La crisis del sistema penitenciario persiste y, peor aún, muestra señales de agravamiento, pese a la alerta por parte de la Defensoría del Pueblo en septiembre. A casi un año de aquella advertencia, el hacinamiento supera el 109%, mientras las muertes violentas registradas en las cárceles ya superaron en siete meses de 2026 el total de casos reportados durante todo el 2025.
El Defensor del Pueblo, Pedro Callisaya, exigió este lunes al Órgano Judicial, la Fiscalía General del Estado y la Dirección General de Régimen Penitenciario que cumplan las recomendaciones formuladas para enfrentar la crisis de derechos humanos en las cárceles del país.
“Persiste la crisis estructural en el sistema penitenciario”, afirmó Callisaya durante la presentación del informe de seguimiento a la alerta temprana elaborada por la institución en su condición de Mecanismo Nacional de Prevención de la Tortura.
Uno de los principales problemas identificados es el uso extendido de la detención preventiva. Hasta diciembre de 2025, el 53,91% de las personas privadas de libertad no tenía una sentencia condenatoria, de acuerdo con los datos de la Defensoría.
Aunque ese porcentaje disminuyó en dos puntos entre julio y diciembre del año pasado, Callisaya cuestionó que la detención preventiva continúe como una práctica habitual y no como una medida excepcional.

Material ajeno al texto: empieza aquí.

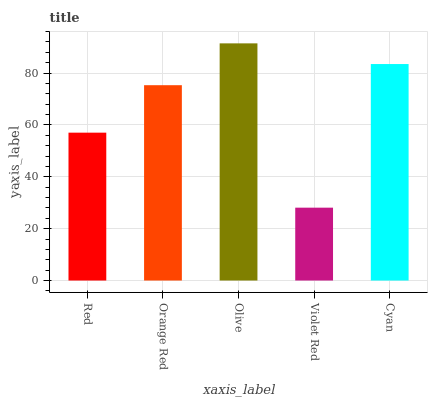Is Violet Red the minimum?
Answer yes or no. Yes. Is Olive the maximum?
Answer yes or no. Yes. Is Orange Red the minimum?
Answer yes or no. No. Is Orange Red the maximum?
Answer yes or no. No. Is Orange Red greater than Red?
Answer yes or no. Yes. Is Red less than Orange Red?
Answer yes or no. Yes. Is Red greater than Orange Red?
Answer yes or no. No. Is Orange Red less than Red?
Answer yes or no. No. Is Orange Red the high median?
Answer yes or no. Yes. Is Orange Red the low median?
Answer yes or no. Yes. Is Cyan the high median?
Answer yes or no. No. Is Olive the low median?
Answer yes or no. No. 
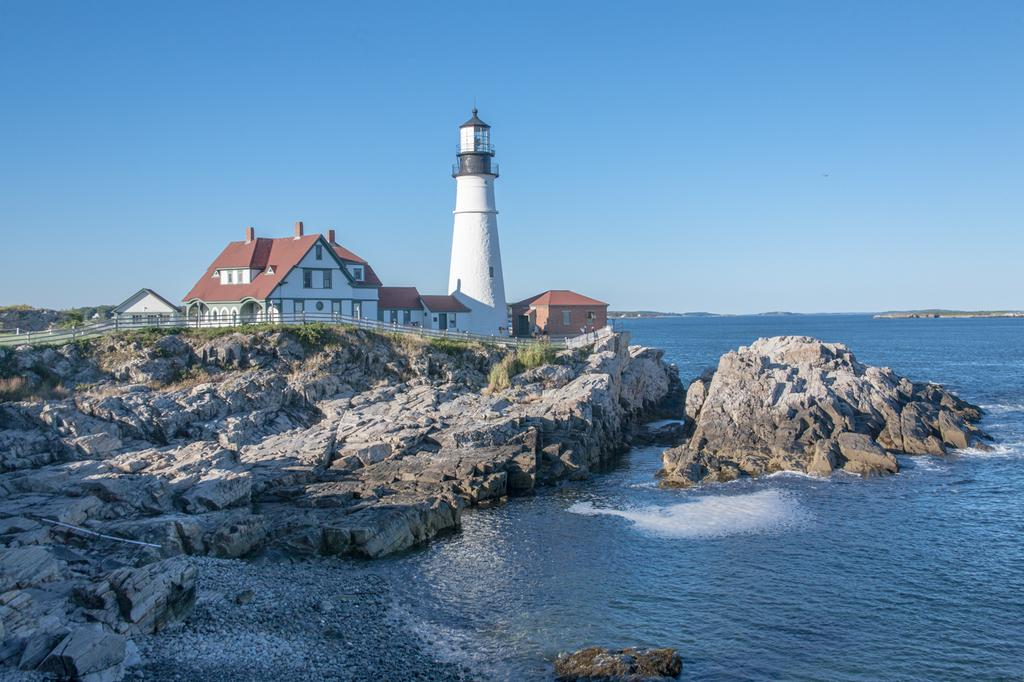What type of structure is located on the mountain in the image? There is a house on the mountain on the left side of the image. What natural feature is visible on the left side of the image? There is a sea on the left side of the image. What is visible at the top of the image? The sky is visible at the top of the image. How many books are stacked on the skate in the image? There are no books or skates present in the image. What impulse might have led to the creation of the house on the mountain in the image? The image does not provide information about the reasons or motivations behind the construction of the house on the mountain. 
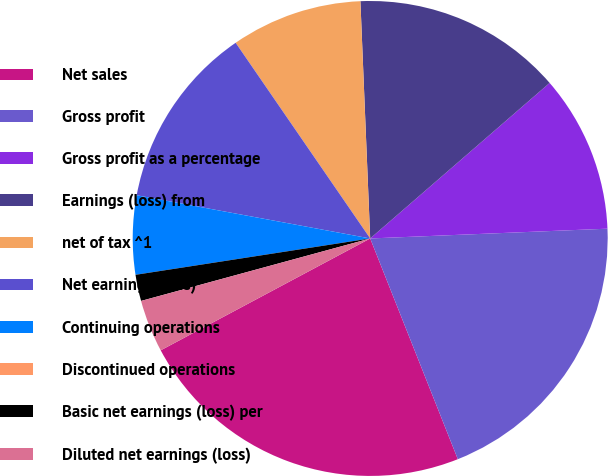<chart> <loc_0><loc_0><loc_500><loc_500><pie_chart><fcel>Net sales<fcel>Gross profit<fcel>Gross profit as a percentage<fcel>Earnings (loss) from<fcel>net of tax ^1<fcel>Net earnings (loss)<fcel>Continuing operations<fcel>Discontinued operations<fcel>Basic net earnings (loss) per<fcel>Diluted net earnings (loss)<nl><fcel>23.21%<fcel>19.64%<fcel>10.71%<fcel>14.29%<fcel>8.93%<fcel>12.5%<fcel>5.36%<fcel>0.0%<fcel>1.79%<fcel>3.57%<nl></chart> 
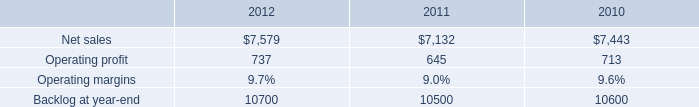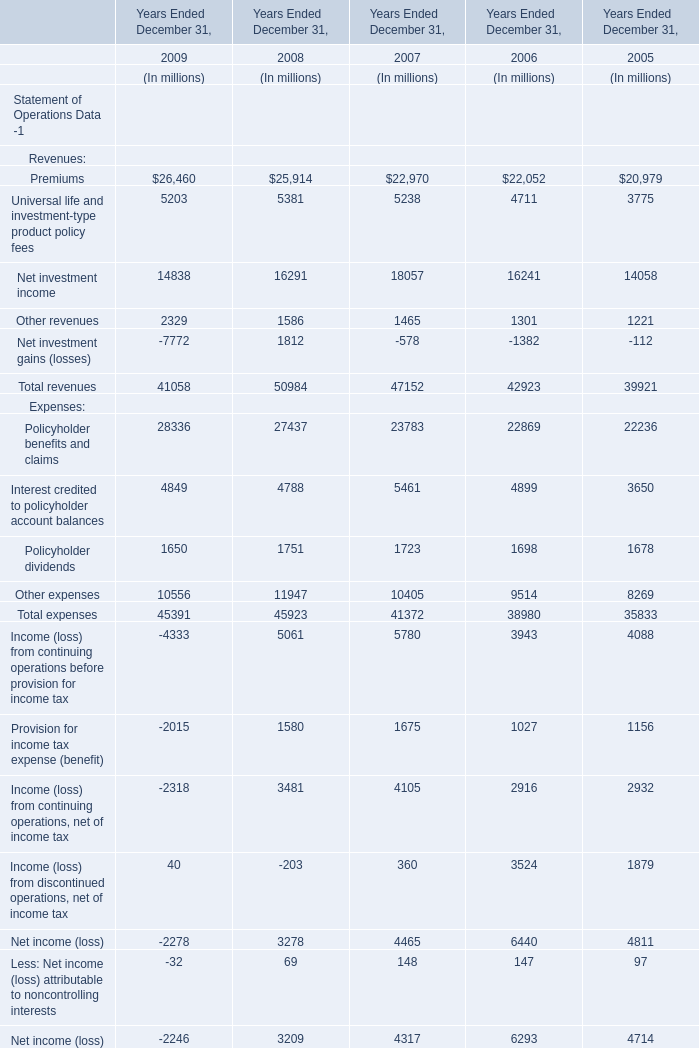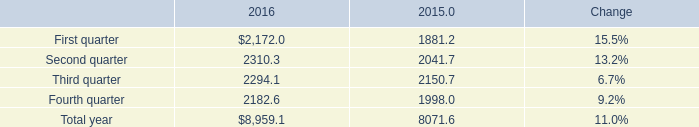what was the percent of the decline in the mst net sales from 2010 to 2011 
Computations: ((7132 - 7443) / 7443)
Answer: -0.04178. 
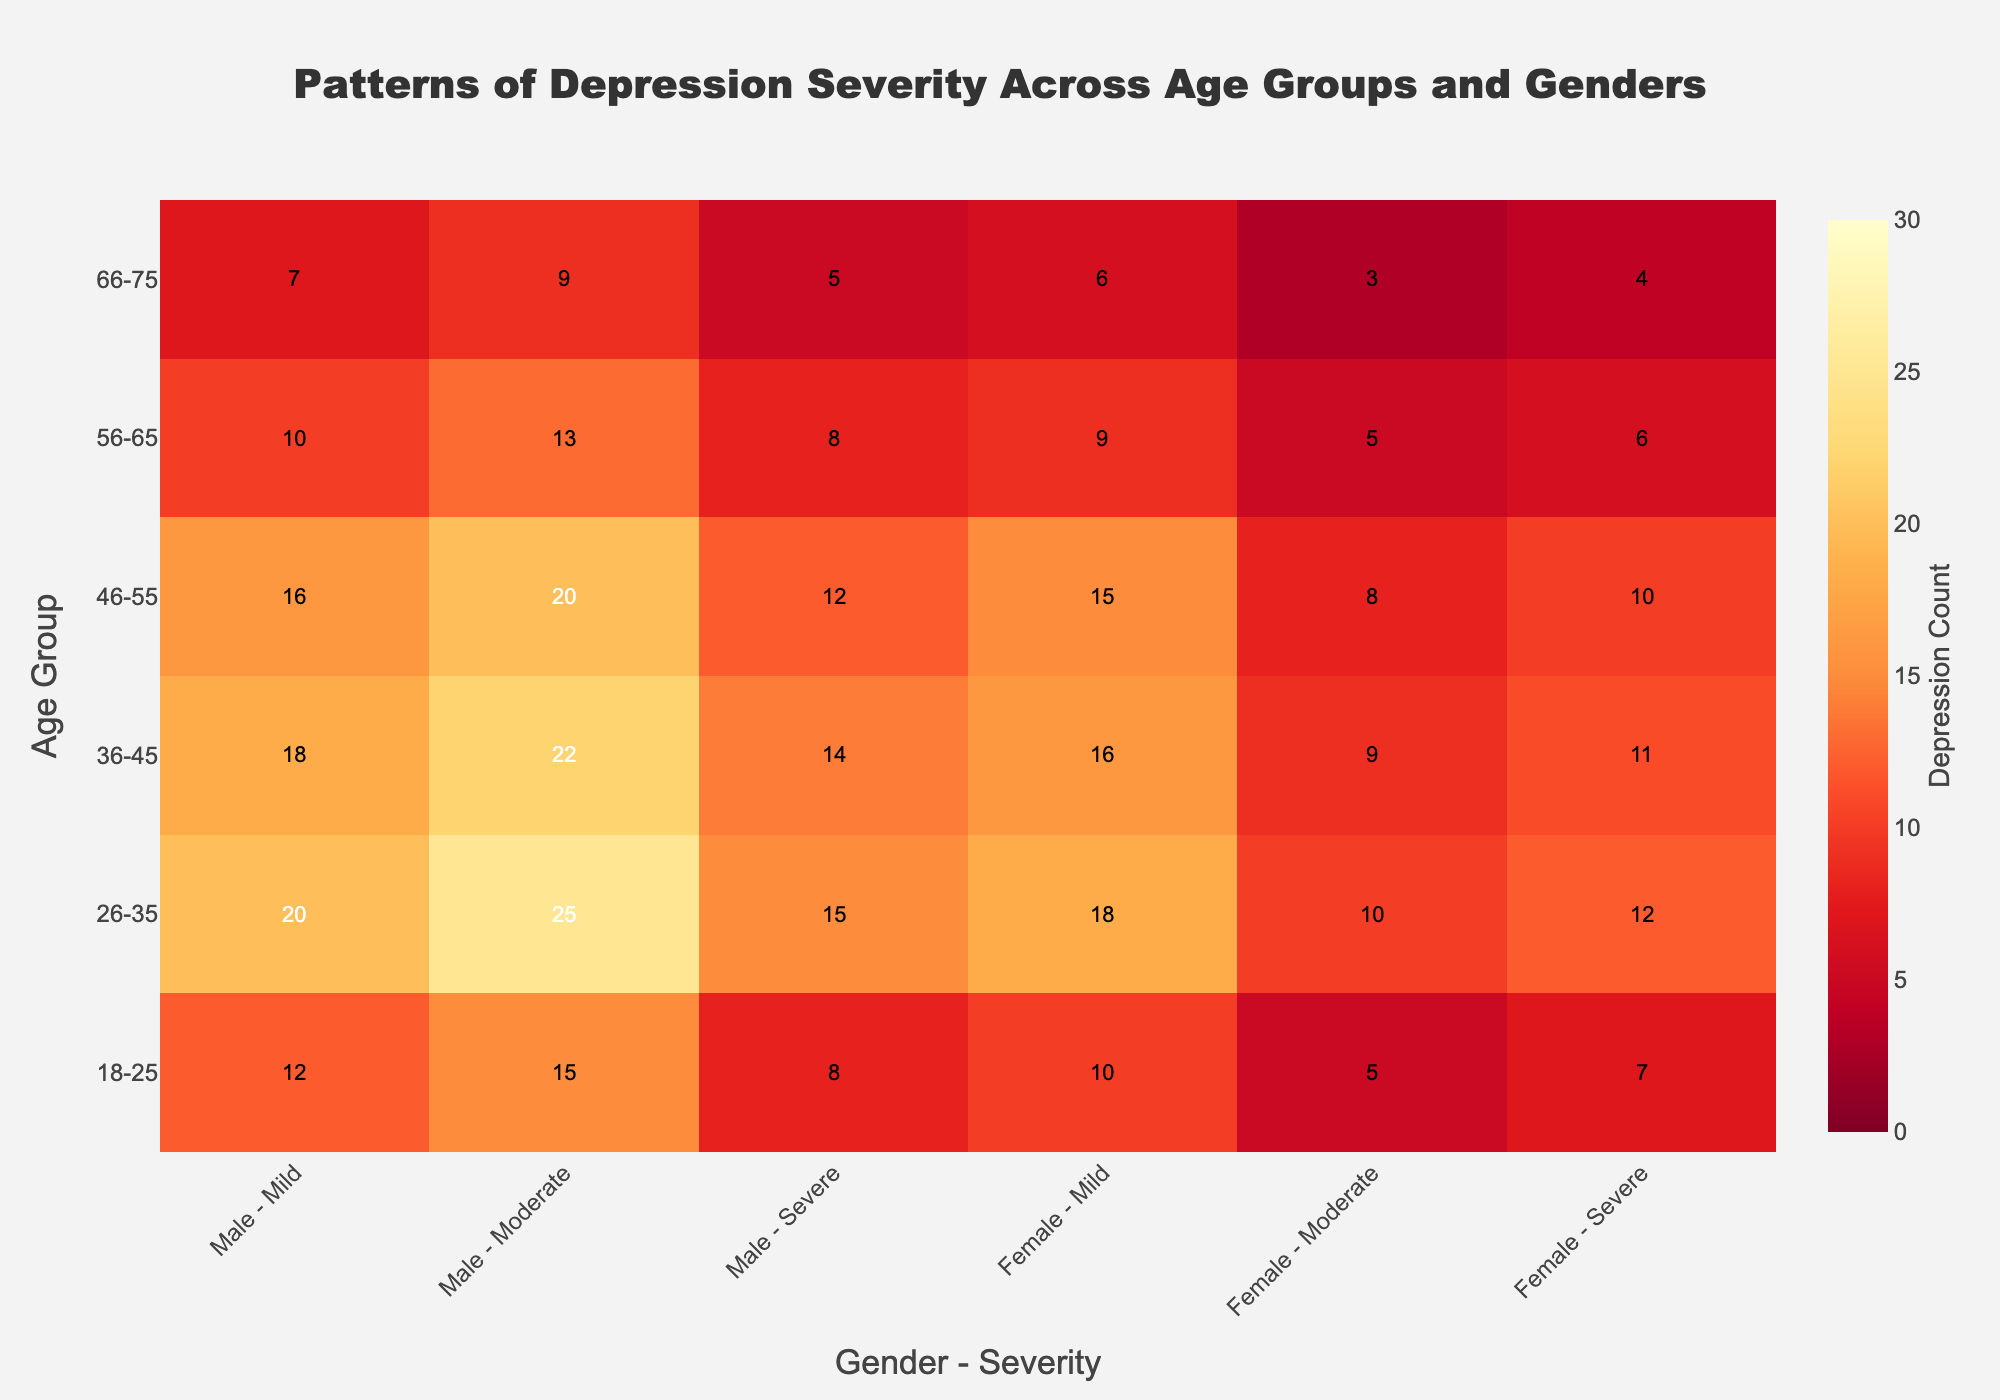What's the title of the heatmap? The title of the heatmap is usually displayed prominently at the top center of the figure. Here, it reads "Patterns of Depression Severity Across Age Groups and Genders".
Answer: Patterns of Depression Severity Across Age Groups and Genders What age group has the highest count of moderate depression for females? Find the "Male - Moderate" and "Female - Moderate" columns, then look down the "Female - Moderate" column to identify the largest value. The highest count for moderate depression in females is found in the 26-35 age group with a count of 18.
Answer: 26-35 Which gender and depression severity combination shows the lowest count in the 66-75 age group? Look at the row for the 66-75 age group and compare the values for all gender and severity combinations. The lowest count is "Male - Severe" with a count of 3.
Answer: Male - Severe How does the number of males with mild depression in the 46-55 age group compare to those in the 36-45 age group? Check the "Male - Mild" counts for the 46-55 and 36-45 age groups. The 46-55 age group has 16 cases, while the 36-45 age group has 18 cases. Comparing these, the count for the 46-55 group is 2 less than the 36-45 group.
Answer: 2 less Which age group and gender combination has the highest overall count of depression? Find the cell with the highest value in the entire heatmap. The highest number of depression cases is in the "Female - Mild" category for the 26-35 age group, with a count of 25.
Answer: Female - 26-35 What is the total count of severe depression for all age groups and both genders combined? Add up all the values in the "Male - Severe" and "Female - Severe" columns to get the total. The counts are 5 + 10 + 9 + 8 + 5 + 3 for males and 7 + 12 + 11 + 10 + 6 + 4 for females. Total: 50 + 50 = 50
Answer: 50 What is the average number of moderate depression cases for males across all age groups? Add up the counts of "Male - Moderate" across all age groups and then divide by the number of age groups. The counts are 8 + 15 + 14 + 12 + 8 + 5, summed to 62. Divide by the number of age groups (6), 62 / 6 ≈ 10.33.
Answer: 10.33 Is the count of mild depression for females higher in the 18-25 age group or the 26-35 age group? Compare the "Female - Mild" values for the 18-25 age group (15) and the 26-35 age group (25). 25 is greater than 15.
Answer: 26-35 What is the combined count of moderate depression for both genders in the 56-65 age group? Add the "Male - Moderate" and "Female - Moderate" counts in the 56-65 age group. Male count is 8 and female count is 9. So, 8 + 9 = 17.
Answer: 17 Which age group shows the most substantial difference between male and female counts for severe depression? Subtract the "Male - Severe" count from the "Female - Severe" count for each age group. The differences are 2 (18-25), 2 (26-35), 2 (36-45), 2 (46-55), 1 (56-65), and 1 (66-75). Thus, there is no substantial difference, and all disparities are very small.
Answer: No substantial difference 
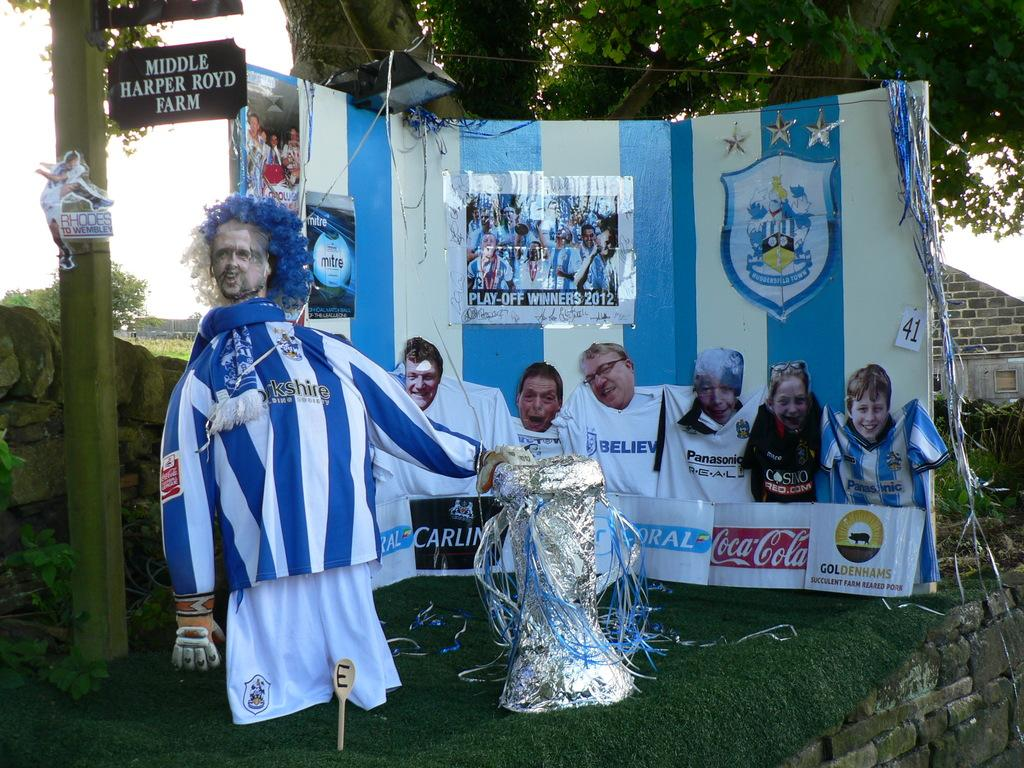What type of signs can be seen in the image? There are advertisements in the image. What structure is present on a pole in the image? There is an information board on a pole in the image. What type of natural elements are visible in the image? There are trees and stones in the image. What type of man-made structures can be seen in the image? There are buildings in the image. What object in the image might be a souvenir or keepsake? There is a memento in the image. What part of the natural environment is visible in the image? The sky is visible in the image. How many girls are singing in the image? There are no girls or singing present in the image. What direction is the voice coming from in the image? There is no voice present in the image. 
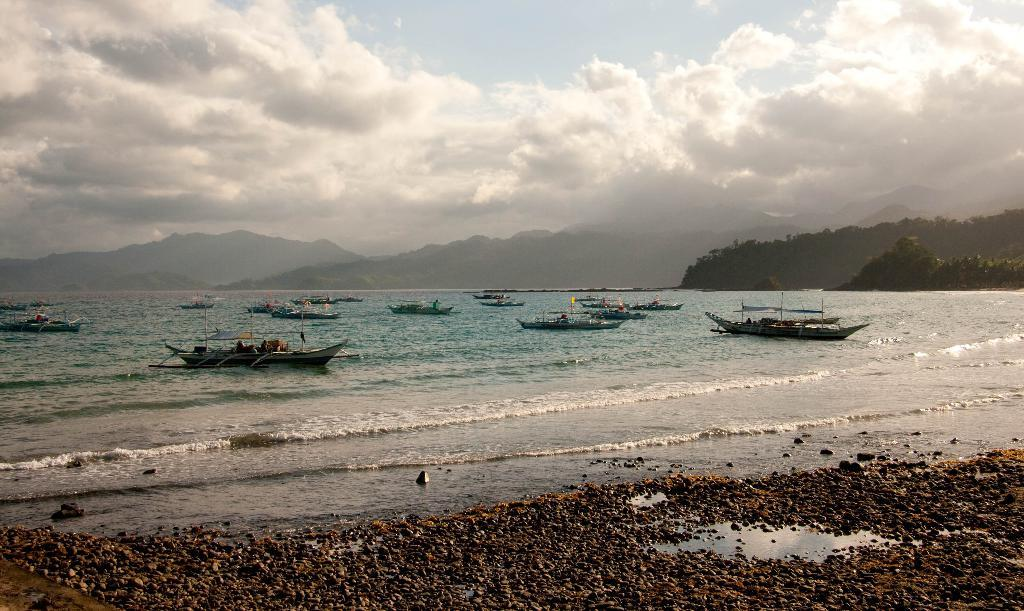What is happening in the center of the image? There are boats sailing on water in the image. Where are the boats located in relation to the image? The boats are in the center of the image. What type of vegetation is on the right side of the image? There are trees on the right side of the image. What can be seen in the background of the image? There are mountains in the background of the image. What is the condition of the sky in the image? The sky is cloudy in the image. What type of loss is being experienced by the boats in the image? There is no indication of any loss being experienced by the boats in the image. What fictional elements can be seen in the image? There are no fictional elements present in the image; it depicts real-life boats sailing on water. 
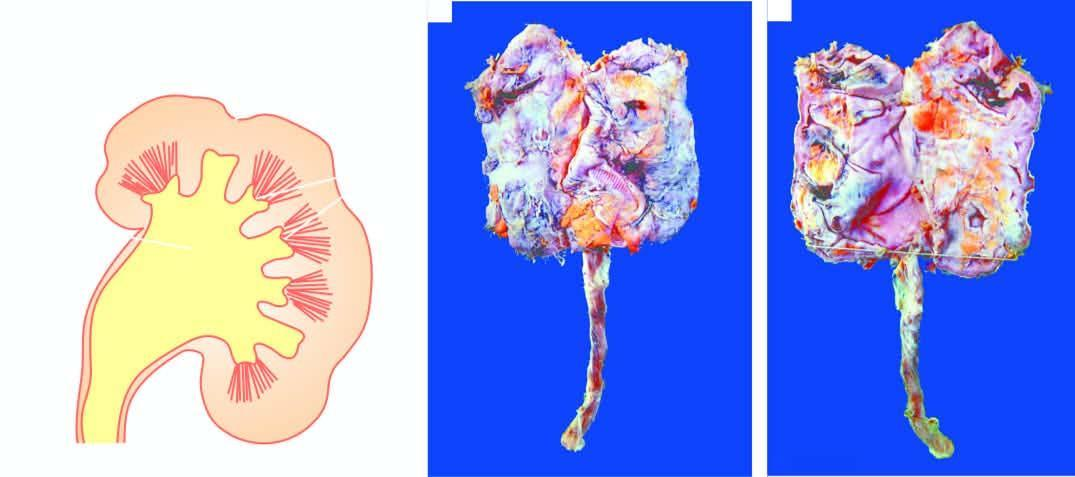s small contracted kidney in chronic pyelonephritis with calyectasis?
Answer the question using a single word or phrase. Yes 
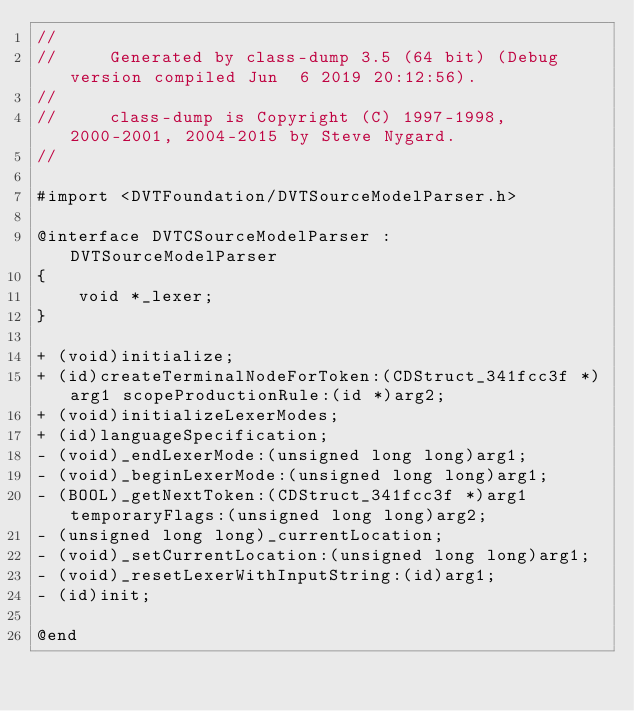Convert code to text. <code><loc_0><loc_0><loc_500><loc_500><_C_>//
//     Generated by class-dump 3.5 (64 bit) (Debug version compiled Jun  6 2019 20:12:56).
//
//     class-dump is Copyright (C) 1997-1998, 2000-2001, 2004-2015 by Steve Nygard.
//

“Se continúa con la detención preventiva como una regla y no como una excepción”, dijo el Defensor. Además, reclamó al Órgano Judicial y al Ministerio Público explicar qué política aplicarán para reducir el uso de esta medida.
La mayoría de estos casos se concentró en Santa Cruz, particularmente en los centros penitenciarios de Palmasola y Montero. Para la Defensoría, el incremento de la violencia evidencia que las advertencias realizadas desde 2025 no han recibido una respuesta suficiente por parte del Estado.
El sistema penitenciario cerró 2025 con 32.677 personas privadas de libertad y un nivel de hacinamiento del 109%. Aunque hubo una reducción de 381 internos entre julio y diciembre de ese año, la presión sobre la capacidad instalada continúa.
La situación también afecta la atención médica. Según Callisaya, existe apenas un médico por cada 510 personas privadas de libertad, una proporción que dificulta cumplir con el examen médico inicial dentro de las primeras 48 horas y detectar a tiempo enfermedades que podrían prevenirse o tratarse.
A esto se suma la inseguridad alimentaria provocada por retrasos en el pago de los prediarios. La Defensoría reportó demoras de hasta tres meses en La Paz y de dos meses en Potosí, Beni, Chuquisaca y Tarija.
Callisaya también cuestionó la ausencia de respuestas formales por parte del Órgano Judicial y la Fiscalía General del Estado sobre las recomendaciones emitidas por la Defensoría.
Según el informe, ambas instituciones fueron notificadas en diciembre de 2025 y marzo de 2026, respectivamente, pero hasta ahora no remitieron un pronunciamiento formal sobre las medidas adoptadas.
La Defensoría también observó proyectos de infraestructura penitenciaria paralizados en La Paz, Cochabamba y Santa Cruz.
Con estos datos, la institución volvió a exigir acciones inmediatas al Estado para enfrentar una crisis que mantiene problemas de hacinamiento, detención preventiva, violencia, atención sanitaria, alimentación e infraestructura.